Что видно: люди ходят, мерещатся флаги на серых домах. День пройдет – все пройдет. Никуда.
Дни идут за днями, солнце больше не показывается. Грозят кратковременным похолоданием, я уже простудился на здешних сквозняках. Твердо решил эти праздники отметить дома, никуда не высовываюсь, так здесь подхватил простуду – насморк и чих, как во время абстиненции. Болезнь заново научит лежать и сидеть, а это доходился я по коридору, под дверями. Декабрь. Скорей бы новый год и кончался этот дневник. Ведь в этом году я подсел в январе, вот и будет что сравнивать в начале будущего года. И медленно ходя по дому и по улицам, глядясь в витрины винных магазинов, буду вспоминать восемьдесят второй год, как год, когда я бросал и пить, поддавшись на уговоры родных. Массовые посадки, по-моему, уже кончатся, и так будет не похож один январь на другой. До этого еще почти месяц надо ждать. Есть еще немного дневного света. При электричестве как-то над дневником не думается. Вчера по телевизору показывали еще один фильм с Высоцким, трудно сказать, к чему бы это.
В Купчино я так и не был, и никто, по-видимому, не знает, что я здесь живу, во всяком случае никто из моих знакомых не звонит. Темнеет.
…. И оказывающийся едущим на автобусе где-нибудь на Марата или за Лиговкой ты– ты же. Тот же, что сейчас ходил по комнате впотьмах, не представляя себе ничего красивее колокольни Владимирской церкви, до половины скрытой деревьями, и заросших дворов прижелезнодорожного района. Большие перестройки грозят старому району. Как жаль, если он станет неузнаваем. Так же жаль Малого проспекта на Васильевском острове. Я их не знаю, но есть много таких улиц, что сейчас меняются за счет новостроек и которым это не очень идет. Ходил и видел, как изменилась Карповка, когда обстроили углы.
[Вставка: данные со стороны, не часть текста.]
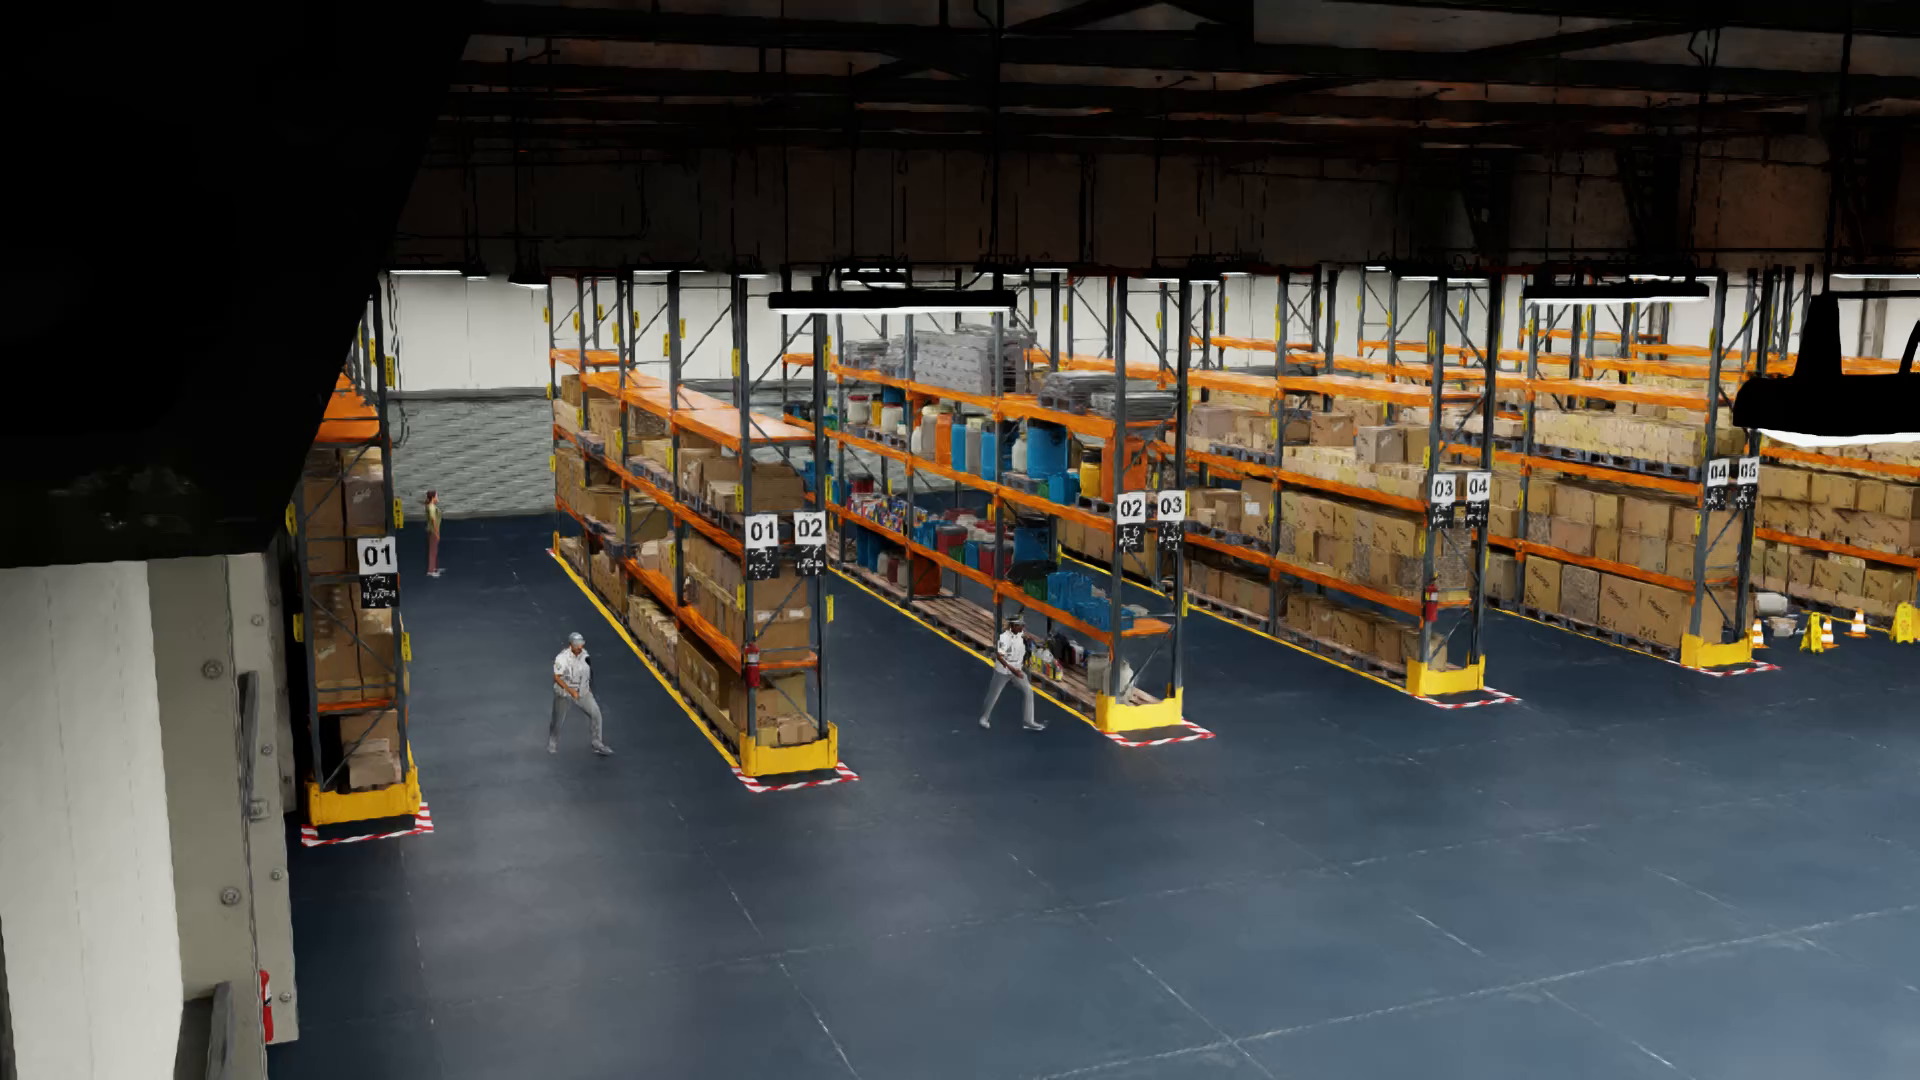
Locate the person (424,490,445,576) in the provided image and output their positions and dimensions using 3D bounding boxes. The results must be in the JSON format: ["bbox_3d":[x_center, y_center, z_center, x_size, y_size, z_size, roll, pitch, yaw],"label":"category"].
[{"bbox_3d":[-10.304,-0.156,32.599,0.381,1.680,0.595,-5,11,-26],"label":"person"}]

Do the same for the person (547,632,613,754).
[{"bbox_3d":[-4.879,1.913,21.033,0.653,1.595,0.809,-8,13,-39],"label":"person"}]

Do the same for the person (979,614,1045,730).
[{"bbox_3d":[0.660,1.725,22.088,0.621,1.602,0.827,-8,13,-38],"label":"person"}]
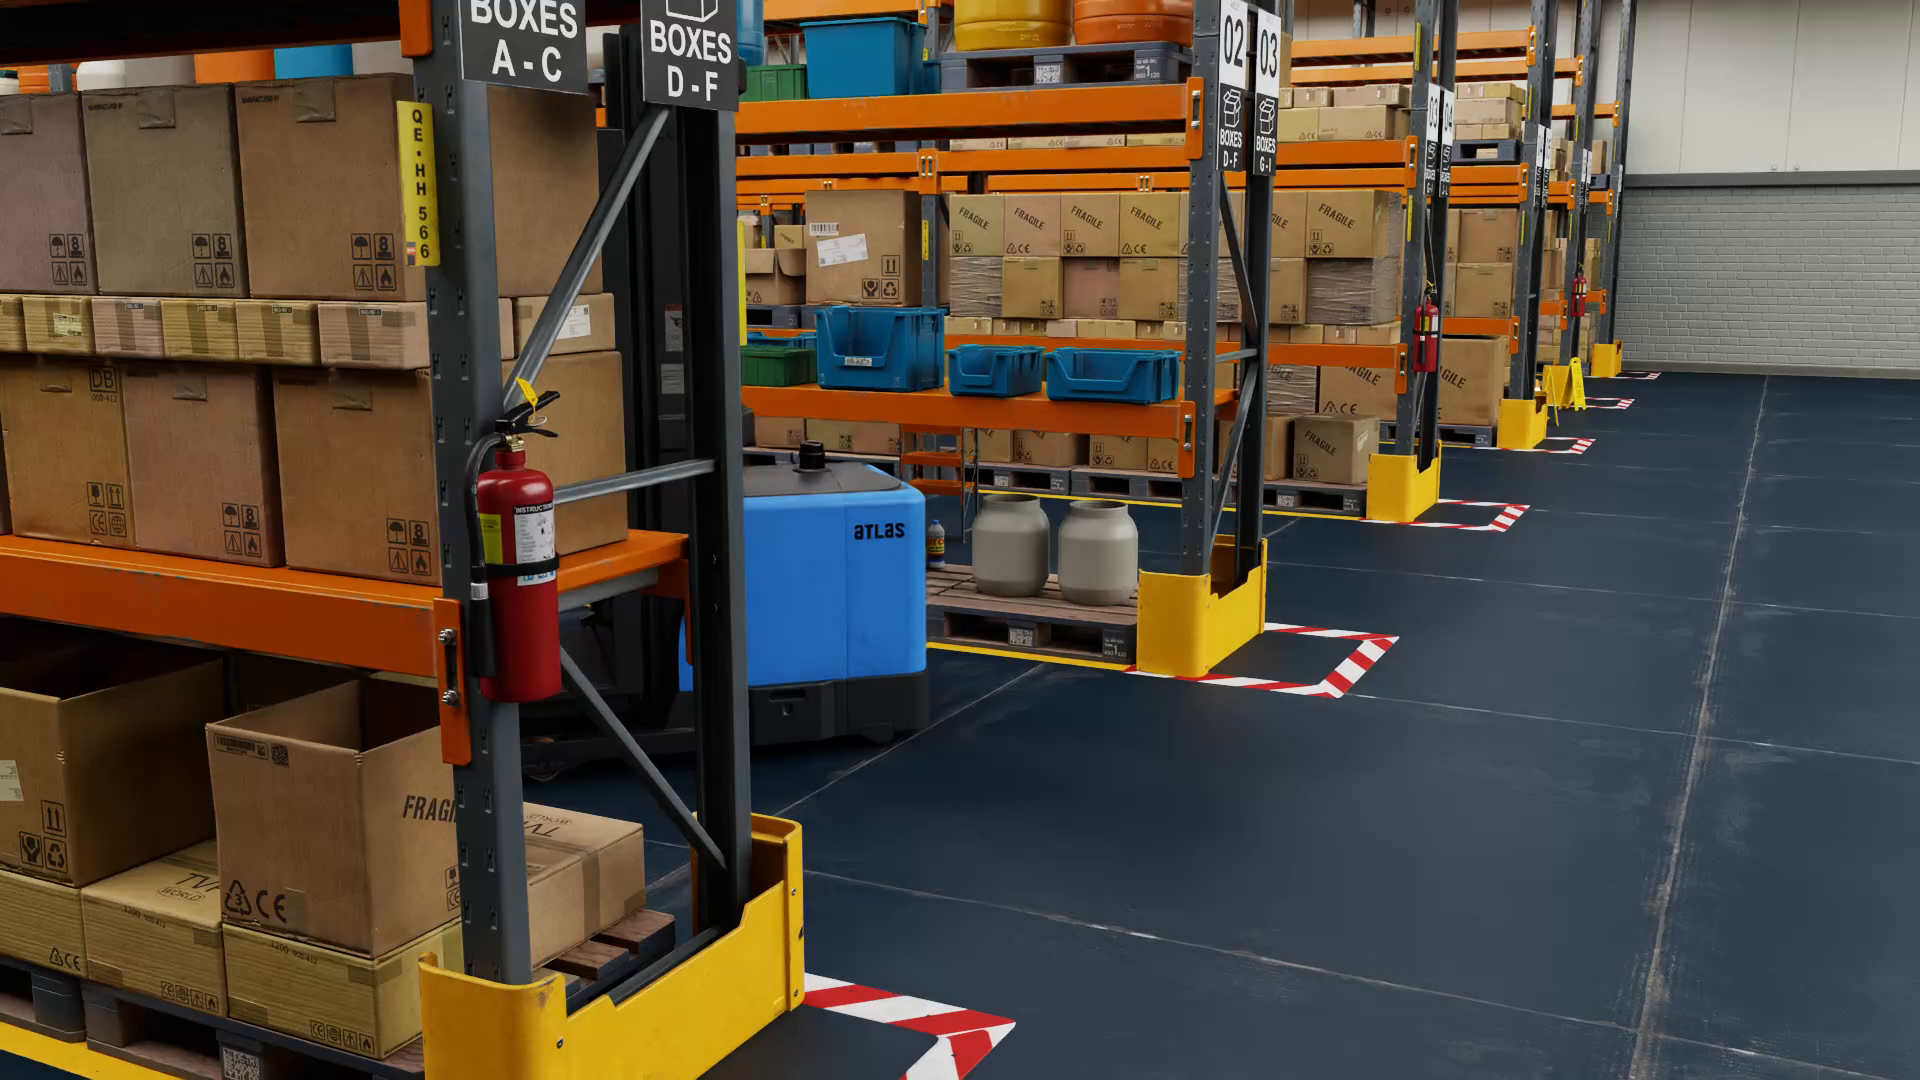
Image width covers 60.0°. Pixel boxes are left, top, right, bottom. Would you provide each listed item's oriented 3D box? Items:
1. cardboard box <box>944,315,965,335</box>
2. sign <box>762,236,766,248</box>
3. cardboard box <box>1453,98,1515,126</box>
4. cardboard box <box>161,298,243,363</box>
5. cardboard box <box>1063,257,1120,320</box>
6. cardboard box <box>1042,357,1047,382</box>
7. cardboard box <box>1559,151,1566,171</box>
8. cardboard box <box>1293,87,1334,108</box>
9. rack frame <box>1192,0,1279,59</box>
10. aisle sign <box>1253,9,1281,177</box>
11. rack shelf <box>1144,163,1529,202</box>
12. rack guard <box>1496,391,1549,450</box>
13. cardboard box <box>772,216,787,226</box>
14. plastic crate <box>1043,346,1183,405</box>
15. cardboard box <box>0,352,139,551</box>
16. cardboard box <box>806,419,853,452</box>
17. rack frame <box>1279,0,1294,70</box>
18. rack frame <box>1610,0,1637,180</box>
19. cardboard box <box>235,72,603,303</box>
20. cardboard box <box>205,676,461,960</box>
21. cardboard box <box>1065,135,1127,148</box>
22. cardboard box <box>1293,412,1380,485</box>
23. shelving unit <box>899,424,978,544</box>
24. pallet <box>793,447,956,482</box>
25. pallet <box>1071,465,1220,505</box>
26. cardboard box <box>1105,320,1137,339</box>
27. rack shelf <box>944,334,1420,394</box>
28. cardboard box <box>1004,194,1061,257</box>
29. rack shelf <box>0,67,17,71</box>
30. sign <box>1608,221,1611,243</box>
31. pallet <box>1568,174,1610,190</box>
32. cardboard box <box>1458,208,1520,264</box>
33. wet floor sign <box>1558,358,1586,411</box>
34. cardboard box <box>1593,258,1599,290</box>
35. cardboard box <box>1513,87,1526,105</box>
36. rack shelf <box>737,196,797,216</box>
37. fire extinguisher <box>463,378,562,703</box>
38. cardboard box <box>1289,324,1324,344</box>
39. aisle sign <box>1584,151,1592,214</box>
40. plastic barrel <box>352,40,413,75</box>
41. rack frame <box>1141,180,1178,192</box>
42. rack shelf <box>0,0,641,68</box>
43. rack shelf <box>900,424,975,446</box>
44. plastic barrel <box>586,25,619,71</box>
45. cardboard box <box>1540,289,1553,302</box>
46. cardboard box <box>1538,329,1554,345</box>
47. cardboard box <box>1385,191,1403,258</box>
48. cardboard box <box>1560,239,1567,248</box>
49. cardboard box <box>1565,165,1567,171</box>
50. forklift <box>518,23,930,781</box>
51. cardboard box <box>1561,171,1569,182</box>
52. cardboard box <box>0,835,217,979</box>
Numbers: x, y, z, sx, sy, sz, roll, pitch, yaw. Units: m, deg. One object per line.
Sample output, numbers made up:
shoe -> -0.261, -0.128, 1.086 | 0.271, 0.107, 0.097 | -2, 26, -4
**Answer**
cardboard box -> 0.013, -1.831, 14.128 | 0.250, 0.149, 0.380 | 5, 11, 26
sign -> -3.081, -4.609, 26.119 | 0.005, 0.325, 0.100 | 5, 11, 26
cardboard box -> 5.263, -4.287, 16.696 | 0.500, 0.250, 0.500 | 5, 11, 27
cardboard box -> -1.738, -0.531, 4.139 | 0.250, 0.149, 0.380 | 5, 11, 25
cardboard box -> 1.255, -2.101, 13.802 | 0.500, 0.500, 0.875 | 5, 11, 26
cardboard box -> 0.778, -2.014, 19.575 | 0.750, 0.750, 1.050 | 5, 11, 26
cardboard box -> 7.592, -4.918, 21.642 | 0.500, 0.250, 0.500 | 5, 11, 25
cardboard box -> 2.678, -3.318, 12.519 | 0.250, 0.149, 0.380 | 4, 11, 23
rack frame -> 1.349, -3.865, 7.819 | 0.127, 3.000, 1.000 | 5, 11, 26
aisle sign -> 1.543, -2.233, 8.348 | 0.004, 0.787, 0.394 | 5, 11, 26
rack shelf -> 4.032, -3.768, 17.724 | 4.000, 0.370, 1.077 | 5, 11, 26
rack guard -> 5.847, -1.256, 17.269 | 0.348, 0.500, 1.175 | 5, 11, 26
cardboard box -> -3.005, -5.159, 26.904 | 0.250, 0.149, 0.380 | 5, 11, 25
plastic crate -> 0.767, -0.832, 8.320 | 0.616, 0.251, 0.499 | 5, 11, 26
cardboard box -> -2.175, -0.291, 4.635 | 0.500, 0.500, 0.700 | 5, 11, 26
cardboard box -> -1.008, -1.098, 15.159 | 0.500, 0.500, 0.700 | 5, 11, 25
rack frame -> 4.338, -6.554, 22.676 | 0.127, 3.000, 1.000 | 5, 11, 26
rack frame -> 10.118, -7.032, 25.316 | 0.127, 3.000, 1.000 | 5, 11, 26
cardboard box -> -1.307, -0.853, 4.096 | 0.500, 0.500, 0.700 | 5, 11, 26
cardboard box -> -1.459, 0.660, 4.095 | 0.500, 0.500, 0.500 | 5, 11, 26
cardboard box -> 1.161, -3.263, 13.338 | 0.500, 0.250, 0.500 | 5, 11, 24
cardboard box -> 2.988, -0.733, 13.195 | 0.500, 0.500, 0.500 | 8, 13, 36
shelving unit -> -0.148, -0.603, 11.695 | 0.503, 1.200, 0.258 | 5, 11, 26
pallet -> -0.746, -0.708, 15.051 | 1.213, 0.211, 1.003 | 5, 11, 26
pallet -> 1.669, -0.504, 13.922 | 1.213, 0.211, 1.003 | 5, 11, 26
cardboard box -> 1.364, -1.715, 13.487 | 0.250, 0.149, 0.380 | 5, 11, 26
rack shelf -> 1.747, -1.508, 13.658 | 4.000, 0.370, 1.077 | 5, 11, 26
cardboard box -> 0.693, -2.592, 13.704 | 0.500, 0.500, 0.500 | 5, 11, 26
rack shelf -> -9.015, -5.209, 18.385 | 4.000, 0.370, 1.077 | 5, 11, 26
sign -> 9.865, -4.681, 25.253 | 0.005, 0.325, 0.100 | 5, 11, 26
pallet -> 9.495, -5.572, 25.922 | 1.213, 0.211, 1.003 | 5, 11, 26
cardboard box -> 5.510, -3.129, 17.143 | 0.550, 0.550, 0.875 | 5, 11, 26
wet floor sign -> 7.622, -1.942, 20.651 | 0.267, 0.644, 0.232 | -10, 14, -43
cardboard box -> 9.797, -4.212, 26.302 | 0.500, 0.500, 0.500 | 5, 12, 28
cardboard box -> 5.667, -4.566, 17.121 | 0.250, 0.149, 0.380 | 5, 11, 26
rack shelf -> -4.630, -5.512, 27.361 | 4.000, 0.370, 1.077 | 5, 11, 26
fire extinguisher -> -0.946, -0.001, 3.529 | 0.183, 0.674, 0.296 | 5, 11, 26
cardboard box -> 2.722, -1.601, 12.861 | 0.250, 0.149, 0.380 | 5, 11, 26
aisle sign -> 8.118, -4.611, 21.484 | 0.004, 0.787, 0.394 | 5, 11, 26
plastic barrel -> -3.377, -3.008, 10.097 | 0.600, 0.901, 0.600 | 0, 10, 0
rack frame -> 2.238, -2.804, 18.798 | 0.127, 3.000, 1.000 | 5, 11, 26
rack shelf -> -2.640, -1.402, 4.651 | 4.000, 0.370, 1.077 | 5, 11, 26
rack shelf -> -0.148, -0.757, 11.668 | 0.480, 0.148, 0.258 | 5, 11, 26
plastic barrel -> -1.939, -2.901, 9.419 | 0.421, 0.512, 0.421 | 0, 10, 0
cardboard box -> 7.495, -3.159, 21.465 | 0.250, 0.149, 0.380 | 5, 12, 28
cardboard box -> 9.098, -3.209, 26.177 | 0.500, 0.250, 0.500 | 5, 11, 25
cardboard box -> 3.167, -2.479, 13.079 | 0.500, 0.500, 0.500 | 5, 11, 26
cardboard box -> 9.469, -4.604, 25.807 | 0.250, 0.149, 0.380 | 5, 11, 26
cardboard box -> 9.241, -5.705, 25.652 | 0.250, 0.149, 0.380 | 5, 11, 24
forklift -> -1.704, -0.594, 6.782 | 3.031, 2.935, 1.130 | -3, 11, -17
cardboard box -> 7.771, -4.717, 21.655 | 0.250, 0.149, 0.380 | 5, 11, 26
cardboard box -> -2.361, 0.952, 4.587 | 0.500, 0.250, 0.500 | 5, 11, 26
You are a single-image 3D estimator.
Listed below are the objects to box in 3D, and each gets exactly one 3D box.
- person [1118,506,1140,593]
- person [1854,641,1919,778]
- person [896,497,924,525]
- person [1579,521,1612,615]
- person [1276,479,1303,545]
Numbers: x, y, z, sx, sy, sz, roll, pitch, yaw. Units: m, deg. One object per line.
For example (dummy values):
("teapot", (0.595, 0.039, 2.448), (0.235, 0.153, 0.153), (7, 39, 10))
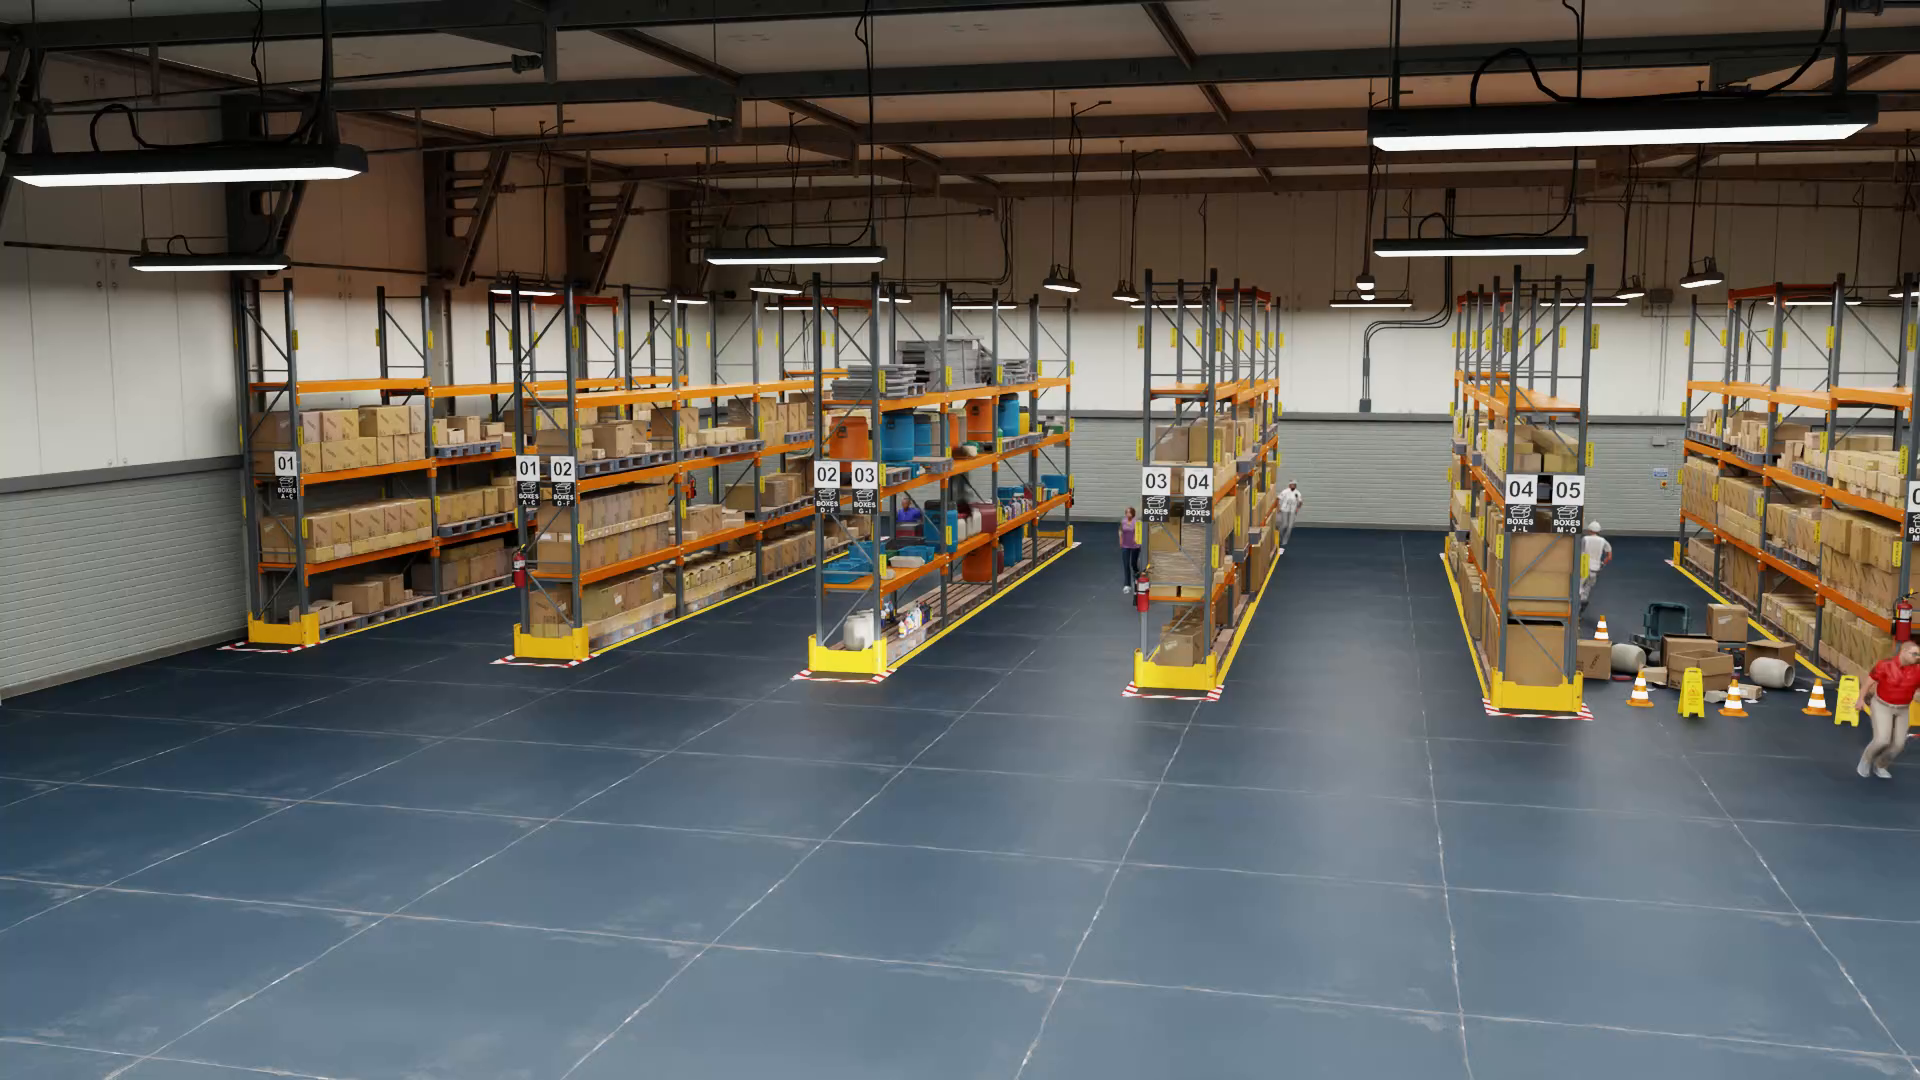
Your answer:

Да где сейчас спокойно с сохранением исторического облика? Об таких местах пишут особо. Наш дом не может быть перестроен заново, а неказистые домишки за Лиговкой доживают свои последние дни.
После пасмурного дня – голубое небо. Плывут снежные облака – снег идет мимо, не идет у нас. И наконец целый день солнце при трехградусном морозе – сегодня.
Все встало на свои места. Стены комнаты как бы расступились от свежего морозного воздуха. С каких пор я стал таким домоседом? Кто говорит, что сегодня день не чайный? Сам заваривал «Цейлонский». Немного тяжела голова. Прилег. Телевизор предпочитаю не включать. Немного позже послушаю «Сегодня в мире». Тихо. Никакой такой яркой политической новости. И приходится себя успокаивать тем, что ты – ты же. А понял это потом как-то вдруг. Меня взбадривает только отсутствие выхода из создающихся положений. К этому бы можно привыкнуть. Перед концом, может быть, все это и выглядит картиннее. После чая надо размяться. Я хожу, остываю, потом лежу – греюсь. Веры снова нет – она ушла на книголюбский вечер. Вести о сильном землетрясении в Северном Йемене с двумя тысячами убитых. В Гиндукуше также произошло весьма сильное землетрясение, и ничего не надо слышать больше, все ж смотрю «Сегодня в мире». Завтра маму выписывают из больницы.
Заснеженный дом за окном. Слепые окна, как черно-белые газетные фотографии. Два раза окно принималось замерзать. Прошел солнечный день, потемнело ясное вечернее небо. В комнате тепло и накурено, а за окном западный ветер. Вообще же зима на редкость мягкая, все еще городу угрожает наводнение.